The other day, instead of doing something that helps the world*, I sat here checking for online instances of 3-in-9 action. I found this one. So now that I've called this kid out on what was probably just an honest mistake, let me get to the real issue:

So he writes this article about the younger Sox fans seeing all the winning and the difference between that and what the older ones have been through. Fine. But look at this line I'm about to paste on your face, and keep in mind this guy claims to be 24 years old:

I endured countless sub-.500 seasons

Whoa, ging-ga. Let's go to over to retrosheet, or the tops of our heads, and see how many times the Red Sox have finished under .500 since August 1989, when this guy was born.

You've got 1992 through 1994 (that's three seasons as much as it would appear to be two), and then 1997. Plus 2012, of course. So since he was born, there have been five sub-.500 seasons for the Red Sox. One of those was an unfinished strike season, and in another we were only one win shy of being exactly .500, but hey, we'll still count those. What I don't think we should count is the '92-'94 span, since the guy was five years old at the end of it--can we really say he "endured" those seasons?

Basically he has had to endure two sub-.500 seasons. Let's go back and look at his line one more time:

I endured countless sub-.500 seasons

Apparently this man is unable to count to two. Even Frosty the goddamn Snowman could count to five!

Anyway, I'm not actually mad at the guy, it's just funny.

Let me tell you who I am mad at, though. The guy who wrote a piece for the NYT in which he stole my "the B on our hats was Kryptonite to Yankee fans in NYC in 2005" line. And then went on to say how Yankee fans are quiet these days what with us having won again and there being so many Sox fans in NYC...and how he liked it better the old way! Jesus, another one of these bullshit "winning was the worst thing for us" articles that Michael Kay used to draft up as a defense mechanism in case we ever won.

It's interesting, though. Both that article and the one by Mr. I Can Count To One confirm that we live in a society that only seems to remember the most recent thing. After 2011 and 2012, there was so much talk of the Red Sox as annual chokers and losers, you would have thought neither 2004 nor 2007 actually happened. And now we're right back to "god, we're so spoiled with these trophies just falling out our butt holes with every step we take across the field of goldenrod we currently reside in." After last season, who would have thought we'd so quickly see another "I liked it so much better when we were losing" spiel?

The douche in question ends his article with

Perhaps it’s folly to say, but a part of me misses the old days.

You can take out the "perhaps," stoolbend. If you want the Red Sox to lose and the Yankees to win, and you're having trouble cherishing every goddamn second of being able to walk around NYC with a Sox hat on and not have Yankee fans giving you shit because we're the World Champions, you are welcome to go ahead and become a Yankee fan. IS this mofo trying to tell me that he got no shit after 2011? 2012? He says how "we just win," again forgetting that in the year before this one, and the year before that one, we didn't win.
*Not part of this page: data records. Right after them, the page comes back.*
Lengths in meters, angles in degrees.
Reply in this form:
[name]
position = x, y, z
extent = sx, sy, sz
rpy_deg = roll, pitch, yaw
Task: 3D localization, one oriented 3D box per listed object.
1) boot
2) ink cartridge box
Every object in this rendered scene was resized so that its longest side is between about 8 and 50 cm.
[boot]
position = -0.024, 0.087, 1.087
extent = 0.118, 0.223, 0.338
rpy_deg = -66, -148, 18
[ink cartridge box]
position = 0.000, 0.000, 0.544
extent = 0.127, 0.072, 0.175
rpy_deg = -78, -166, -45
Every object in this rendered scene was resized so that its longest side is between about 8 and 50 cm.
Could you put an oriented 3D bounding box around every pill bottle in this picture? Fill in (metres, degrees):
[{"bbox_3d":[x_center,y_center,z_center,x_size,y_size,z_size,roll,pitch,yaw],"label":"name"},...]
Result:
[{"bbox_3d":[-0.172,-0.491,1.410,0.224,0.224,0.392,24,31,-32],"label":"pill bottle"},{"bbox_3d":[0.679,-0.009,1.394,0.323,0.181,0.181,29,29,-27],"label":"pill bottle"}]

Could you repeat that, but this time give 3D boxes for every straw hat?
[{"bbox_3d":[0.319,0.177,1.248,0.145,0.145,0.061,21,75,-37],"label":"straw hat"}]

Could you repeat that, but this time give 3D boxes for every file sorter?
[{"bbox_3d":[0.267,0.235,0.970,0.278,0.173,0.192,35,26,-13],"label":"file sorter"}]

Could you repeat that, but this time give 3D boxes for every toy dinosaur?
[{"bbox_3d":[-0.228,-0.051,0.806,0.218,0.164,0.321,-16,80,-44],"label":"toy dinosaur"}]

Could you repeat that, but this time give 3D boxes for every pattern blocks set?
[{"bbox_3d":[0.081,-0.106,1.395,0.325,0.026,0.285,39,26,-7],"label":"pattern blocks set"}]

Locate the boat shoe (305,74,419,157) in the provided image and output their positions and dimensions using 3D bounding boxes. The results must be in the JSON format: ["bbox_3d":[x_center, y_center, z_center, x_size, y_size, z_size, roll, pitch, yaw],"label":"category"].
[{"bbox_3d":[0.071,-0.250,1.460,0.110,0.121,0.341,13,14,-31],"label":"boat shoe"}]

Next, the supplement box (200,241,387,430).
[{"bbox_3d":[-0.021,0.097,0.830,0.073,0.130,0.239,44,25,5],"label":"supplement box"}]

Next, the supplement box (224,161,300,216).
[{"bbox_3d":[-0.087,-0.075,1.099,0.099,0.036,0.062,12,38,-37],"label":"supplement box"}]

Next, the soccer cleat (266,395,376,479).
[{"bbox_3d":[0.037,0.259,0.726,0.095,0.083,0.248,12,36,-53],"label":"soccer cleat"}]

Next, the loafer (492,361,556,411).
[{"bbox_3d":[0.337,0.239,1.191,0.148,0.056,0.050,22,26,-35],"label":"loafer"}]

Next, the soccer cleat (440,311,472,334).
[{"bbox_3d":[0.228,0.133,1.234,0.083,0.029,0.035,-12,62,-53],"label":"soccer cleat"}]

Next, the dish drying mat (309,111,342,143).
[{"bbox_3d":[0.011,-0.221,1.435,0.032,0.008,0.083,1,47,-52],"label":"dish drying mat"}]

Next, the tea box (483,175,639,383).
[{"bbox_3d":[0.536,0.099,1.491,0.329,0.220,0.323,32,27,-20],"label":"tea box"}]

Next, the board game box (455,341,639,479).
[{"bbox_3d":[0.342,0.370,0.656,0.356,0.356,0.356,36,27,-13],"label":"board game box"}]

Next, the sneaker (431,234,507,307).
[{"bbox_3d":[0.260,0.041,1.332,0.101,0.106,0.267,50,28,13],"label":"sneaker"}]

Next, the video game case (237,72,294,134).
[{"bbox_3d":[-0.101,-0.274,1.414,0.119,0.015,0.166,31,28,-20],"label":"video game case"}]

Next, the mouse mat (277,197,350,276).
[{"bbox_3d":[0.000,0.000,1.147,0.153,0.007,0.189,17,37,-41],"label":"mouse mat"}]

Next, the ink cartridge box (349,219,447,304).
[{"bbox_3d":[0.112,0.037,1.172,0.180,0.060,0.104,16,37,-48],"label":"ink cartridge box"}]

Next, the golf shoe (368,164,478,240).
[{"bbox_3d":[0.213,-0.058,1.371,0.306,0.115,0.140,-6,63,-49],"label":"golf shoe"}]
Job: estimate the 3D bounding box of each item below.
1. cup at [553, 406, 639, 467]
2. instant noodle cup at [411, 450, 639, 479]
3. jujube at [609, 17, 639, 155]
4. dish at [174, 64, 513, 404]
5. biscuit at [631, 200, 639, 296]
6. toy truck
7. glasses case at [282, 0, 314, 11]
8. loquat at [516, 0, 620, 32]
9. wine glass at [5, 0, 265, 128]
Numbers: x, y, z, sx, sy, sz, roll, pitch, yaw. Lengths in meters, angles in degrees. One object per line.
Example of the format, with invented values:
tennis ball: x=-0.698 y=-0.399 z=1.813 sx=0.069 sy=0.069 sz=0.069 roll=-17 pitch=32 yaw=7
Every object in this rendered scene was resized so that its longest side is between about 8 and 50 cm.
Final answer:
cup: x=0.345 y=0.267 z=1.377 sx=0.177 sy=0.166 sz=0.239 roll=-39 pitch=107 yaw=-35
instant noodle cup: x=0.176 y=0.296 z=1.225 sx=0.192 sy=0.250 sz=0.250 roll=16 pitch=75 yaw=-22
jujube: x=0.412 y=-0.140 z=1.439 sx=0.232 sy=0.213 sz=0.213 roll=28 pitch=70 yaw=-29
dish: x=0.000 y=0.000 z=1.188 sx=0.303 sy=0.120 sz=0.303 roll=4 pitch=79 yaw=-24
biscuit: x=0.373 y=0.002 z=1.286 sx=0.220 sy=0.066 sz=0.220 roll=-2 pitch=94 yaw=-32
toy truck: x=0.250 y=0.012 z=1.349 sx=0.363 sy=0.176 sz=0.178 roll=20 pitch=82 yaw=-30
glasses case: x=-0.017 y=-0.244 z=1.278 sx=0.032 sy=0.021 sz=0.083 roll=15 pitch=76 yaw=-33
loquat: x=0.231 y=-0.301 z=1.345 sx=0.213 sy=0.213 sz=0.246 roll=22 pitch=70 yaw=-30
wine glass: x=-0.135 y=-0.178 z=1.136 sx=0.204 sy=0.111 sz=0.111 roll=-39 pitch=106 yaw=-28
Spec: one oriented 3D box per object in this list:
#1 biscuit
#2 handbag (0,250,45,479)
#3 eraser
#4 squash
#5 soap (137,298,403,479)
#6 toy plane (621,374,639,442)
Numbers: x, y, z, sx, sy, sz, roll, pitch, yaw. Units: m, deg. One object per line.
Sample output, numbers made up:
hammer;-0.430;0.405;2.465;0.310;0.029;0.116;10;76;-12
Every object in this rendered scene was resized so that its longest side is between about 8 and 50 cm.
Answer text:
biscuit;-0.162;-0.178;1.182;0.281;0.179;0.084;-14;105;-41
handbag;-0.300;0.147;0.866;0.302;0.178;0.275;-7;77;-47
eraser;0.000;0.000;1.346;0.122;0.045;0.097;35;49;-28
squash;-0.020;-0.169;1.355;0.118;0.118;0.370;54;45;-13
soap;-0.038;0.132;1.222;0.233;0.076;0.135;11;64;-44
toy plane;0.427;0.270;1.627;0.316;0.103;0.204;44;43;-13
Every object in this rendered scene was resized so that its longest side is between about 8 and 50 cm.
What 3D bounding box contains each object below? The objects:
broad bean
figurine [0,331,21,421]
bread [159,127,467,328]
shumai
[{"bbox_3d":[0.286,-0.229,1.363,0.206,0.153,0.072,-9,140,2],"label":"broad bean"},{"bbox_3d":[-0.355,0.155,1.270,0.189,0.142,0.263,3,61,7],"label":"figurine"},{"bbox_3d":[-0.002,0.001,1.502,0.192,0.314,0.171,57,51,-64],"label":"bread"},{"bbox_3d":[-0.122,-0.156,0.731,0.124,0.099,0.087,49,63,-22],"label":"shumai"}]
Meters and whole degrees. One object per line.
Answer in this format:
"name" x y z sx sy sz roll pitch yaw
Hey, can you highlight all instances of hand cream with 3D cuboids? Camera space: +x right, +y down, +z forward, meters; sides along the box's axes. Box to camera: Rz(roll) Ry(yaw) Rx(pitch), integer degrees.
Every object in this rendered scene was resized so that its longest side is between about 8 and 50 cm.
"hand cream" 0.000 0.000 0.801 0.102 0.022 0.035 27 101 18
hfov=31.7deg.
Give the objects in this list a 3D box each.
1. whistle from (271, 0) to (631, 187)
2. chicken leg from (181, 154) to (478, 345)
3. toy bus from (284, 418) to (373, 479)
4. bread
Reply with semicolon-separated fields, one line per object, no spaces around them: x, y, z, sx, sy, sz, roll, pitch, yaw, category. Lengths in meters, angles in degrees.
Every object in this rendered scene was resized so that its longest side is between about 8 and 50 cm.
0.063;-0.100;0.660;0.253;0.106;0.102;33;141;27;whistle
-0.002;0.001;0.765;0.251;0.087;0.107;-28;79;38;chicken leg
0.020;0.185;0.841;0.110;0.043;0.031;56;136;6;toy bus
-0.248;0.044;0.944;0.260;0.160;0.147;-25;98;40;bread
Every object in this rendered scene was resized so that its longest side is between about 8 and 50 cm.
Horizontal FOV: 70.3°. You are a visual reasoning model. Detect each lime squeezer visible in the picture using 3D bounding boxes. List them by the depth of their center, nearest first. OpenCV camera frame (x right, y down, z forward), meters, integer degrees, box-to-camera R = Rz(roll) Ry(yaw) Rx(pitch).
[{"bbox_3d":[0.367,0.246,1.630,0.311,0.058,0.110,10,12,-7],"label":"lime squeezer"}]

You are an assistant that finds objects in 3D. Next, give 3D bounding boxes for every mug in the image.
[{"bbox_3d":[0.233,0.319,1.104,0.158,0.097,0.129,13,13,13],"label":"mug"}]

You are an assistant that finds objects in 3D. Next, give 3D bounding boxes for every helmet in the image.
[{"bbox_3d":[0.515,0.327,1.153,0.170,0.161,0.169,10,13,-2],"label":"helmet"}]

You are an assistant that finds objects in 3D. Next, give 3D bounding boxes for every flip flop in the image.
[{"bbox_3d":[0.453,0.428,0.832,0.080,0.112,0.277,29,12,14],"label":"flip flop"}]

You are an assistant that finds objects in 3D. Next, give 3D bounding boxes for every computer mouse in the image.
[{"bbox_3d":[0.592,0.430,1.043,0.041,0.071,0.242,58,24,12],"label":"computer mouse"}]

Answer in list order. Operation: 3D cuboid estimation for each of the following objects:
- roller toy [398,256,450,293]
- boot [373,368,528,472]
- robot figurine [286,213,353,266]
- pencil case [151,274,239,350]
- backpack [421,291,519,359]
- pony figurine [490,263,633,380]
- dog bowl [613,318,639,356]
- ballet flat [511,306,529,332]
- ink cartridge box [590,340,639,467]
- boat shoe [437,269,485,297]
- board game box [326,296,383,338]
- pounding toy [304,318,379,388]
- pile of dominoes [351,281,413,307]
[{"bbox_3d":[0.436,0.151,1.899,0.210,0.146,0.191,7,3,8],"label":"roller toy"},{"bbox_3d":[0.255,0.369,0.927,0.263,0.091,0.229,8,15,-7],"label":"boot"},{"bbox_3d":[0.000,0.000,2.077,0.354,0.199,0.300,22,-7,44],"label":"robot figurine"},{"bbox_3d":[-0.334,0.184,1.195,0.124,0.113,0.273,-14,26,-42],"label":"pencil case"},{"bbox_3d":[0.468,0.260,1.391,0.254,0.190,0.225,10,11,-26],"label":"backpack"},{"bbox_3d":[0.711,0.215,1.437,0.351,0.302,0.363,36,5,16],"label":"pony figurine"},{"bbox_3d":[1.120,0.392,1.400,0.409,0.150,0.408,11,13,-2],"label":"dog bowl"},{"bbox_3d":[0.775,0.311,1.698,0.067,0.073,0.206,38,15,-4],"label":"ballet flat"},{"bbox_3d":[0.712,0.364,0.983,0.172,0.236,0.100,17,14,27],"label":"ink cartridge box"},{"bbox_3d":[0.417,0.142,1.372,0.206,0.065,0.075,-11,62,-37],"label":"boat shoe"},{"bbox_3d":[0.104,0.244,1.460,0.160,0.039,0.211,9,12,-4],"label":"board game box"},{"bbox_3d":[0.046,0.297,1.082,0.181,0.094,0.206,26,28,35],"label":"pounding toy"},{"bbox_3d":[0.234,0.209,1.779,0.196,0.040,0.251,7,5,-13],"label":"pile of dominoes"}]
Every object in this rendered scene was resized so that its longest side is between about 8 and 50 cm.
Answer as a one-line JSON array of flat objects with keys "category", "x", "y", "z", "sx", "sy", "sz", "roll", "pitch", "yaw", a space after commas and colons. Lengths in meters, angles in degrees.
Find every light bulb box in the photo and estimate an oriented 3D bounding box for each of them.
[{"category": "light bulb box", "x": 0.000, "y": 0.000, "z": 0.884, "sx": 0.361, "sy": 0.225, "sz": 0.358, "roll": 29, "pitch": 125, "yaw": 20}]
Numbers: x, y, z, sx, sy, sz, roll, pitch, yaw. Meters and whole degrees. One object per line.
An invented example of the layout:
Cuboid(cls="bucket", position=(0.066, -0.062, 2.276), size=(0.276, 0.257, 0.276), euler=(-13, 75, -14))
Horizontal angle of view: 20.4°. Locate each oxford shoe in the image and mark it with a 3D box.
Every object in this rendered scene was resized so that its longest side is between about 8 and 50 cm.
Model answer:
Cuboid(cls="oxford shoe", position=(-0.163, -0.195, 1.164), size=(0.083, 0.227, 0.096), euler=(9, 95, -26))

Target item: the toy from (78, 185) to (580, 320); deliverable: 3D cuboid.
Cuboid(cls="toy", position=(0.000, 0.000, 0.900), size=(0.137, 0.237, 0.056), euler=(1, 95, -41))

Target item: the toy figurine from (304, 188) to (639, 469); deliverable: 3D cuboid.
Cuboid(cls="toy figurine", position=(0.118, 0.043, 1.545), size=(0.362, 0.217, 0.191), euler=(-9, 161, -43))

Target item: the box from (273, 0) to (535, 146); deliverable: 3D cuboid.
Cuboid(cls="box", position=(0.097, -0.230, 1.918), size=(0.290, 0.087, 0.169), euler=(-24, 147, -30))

So which is it these days? Are the Red Sox a winner or a loser, or does it depend on the previous day's result? I'll give you the answer. The Red Sox...are a sometimes winner, sometimes loser. And that, compared to being a loser, for decades and decades, is a beautiful thing. Because no team is going to win every single year. You can't expect that. You can root for it. But in the end you should be happy every time you get to see your team raise a banner. If you're still wearing the same shoes you had on the previous time they won, even better. Another thing Kay used to say was that if the Red Sox ever won, they'd be "just another team." He seemed to think that we'd trade "actually winning a World Series for the first time in our lives" for "being special." But we really did get the last laugh here. Because we're now just another team, one that wins on occasion. And we're special.